We have to be sophisticated in our approach and decide: should we build up Carlson by attacking him, or should we ignore him? Does he not feed off the attention he gets from us? And would it not make a bigger difference, not to ignore but about how we go about doing things?

How did we counter Father Coughlin in the 1930s?

Actually, I don’t know that we did. I think that we turned to Christians and the government to do it. But he was listened to in every house in America during the war period. Charles Lindbergh, the first person to cross the Atlantic, also became an antisemite. I mean, he, too, was a really bad person, and he was the most popular person in America.

Were you surprised at all these voices turning on Israel? When Tucker Carlson was at Fox, he was extremely pro-Israel.

Maybe when it served their purposes. Candace Owens was also pro-Israel. We don’t know who their supporters are, what money they’re getting. Tucker is building a house in Qatar, and we believe that they paid him for a lot of his activities. I think they paid for his podcast for the Heritage Foundation. They chase the money and the notoriety, and you don’t build up your numbers when you’re pro-Israel. You build it up when you are controversial and negative, when you espouse conspiracies. They’re crazy. I mean, it’s just insanity. He sort of plays the innocent or the ignorant; certainly, the ignorant would be true.

But you raised an important point that we should go back and look at how historically antisemites were countered.
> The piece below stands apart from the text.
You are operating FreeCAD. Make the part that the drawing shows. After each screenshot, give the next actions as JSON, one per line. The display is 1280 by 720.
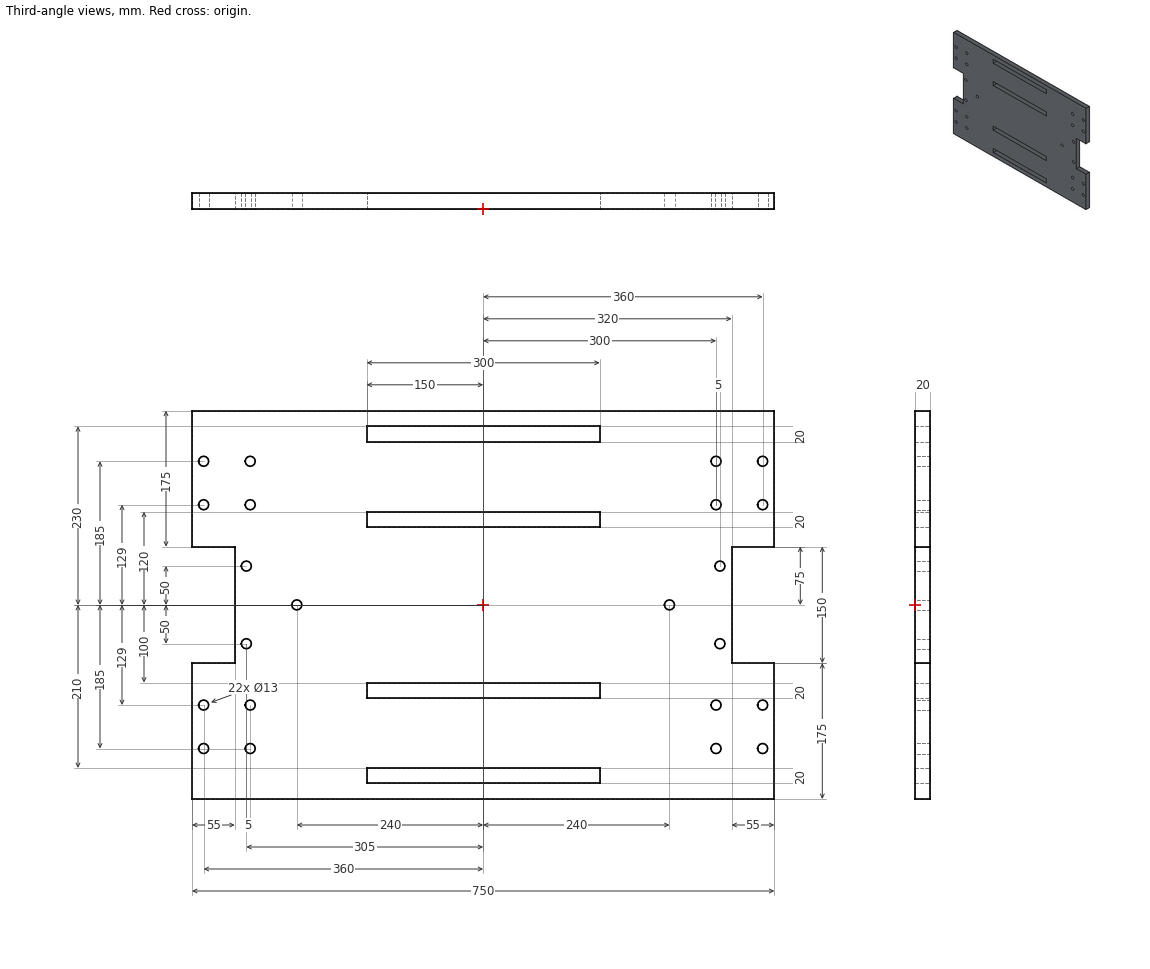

Roosevelt and Coughlin had a falling out; Coughlin supported him in his first election, and then he snubbed him and began attacking Roosevelt’s Jewish Treasury secretary, Morgenthau. Obviously, the president then split with him.

But Coughlin was the first to harness the power of radio broadcasts. Franklin D. Roosevelt later used the same thing with his fireside chats.

What gives you optimism during these times?

An optimist says that this is the best of all possible worlds, and a pessimist agrees. It’s a very thin line between optimism and pessimism. We have plenty of reason to be optimistic when we look at the world, and you see that in the seven-front war that Israel faced, which many people did not think they could overcome, let alone against Iran — it did. The president has a sustained pro-Israel policy, and Israel’s economy continues to grow remarkably, even in this period.

I think Somaliland is a positive development. I think the conflict between the UAE and Saudi Arabia in Yemen is a negative development. The Saudis moving to closer cooperation with Pakistan and Turkey is not healthy.

The diminution of Iran and its ability to strike and to support the network of enemies of Israel is really important. Maybe the change in Syria, the fact that you have a joint working group — I have some reservations about it, but I think that it’s a positive sign. The Lebanese army is moving to confiscate weapons from Hezbollah; it’s not nearly what they’re obligated to do, but it is happening to some degree.

I think that the president’s plans for Gaza, some of which could be implemented, could stabilize the region a little bit.

I think when you look overall at the different circumstances in the Middle East, the relationship between the United States and Israel, the Greece-Israel-Cyprus relationship is certainly growing, and I think that could be the fulcrum of a bigger Mediterranean initiative. If you look in Southeast Asia, Kazakhstan and Azerbaijan want closer relations with Israel. Turkey is facing severe financial and other challenges.

So there is a lot of potential, and already, real things are happening that are good for Israel’s future. At the same time, each one has a flip side that you could argue poses potential dangers as well.

In other words, we’re in the hands of the Eibershter.

We are, but He’s looking for us to do our part, and right now our part is in, as Bibi calls it, the eighth front of this war, which is winning the hearts and minds of the American people, winning the political battles here and in Europe and elsewhere. People have to be much more assertive; we have to be more clever and more effective because the stakes are higher.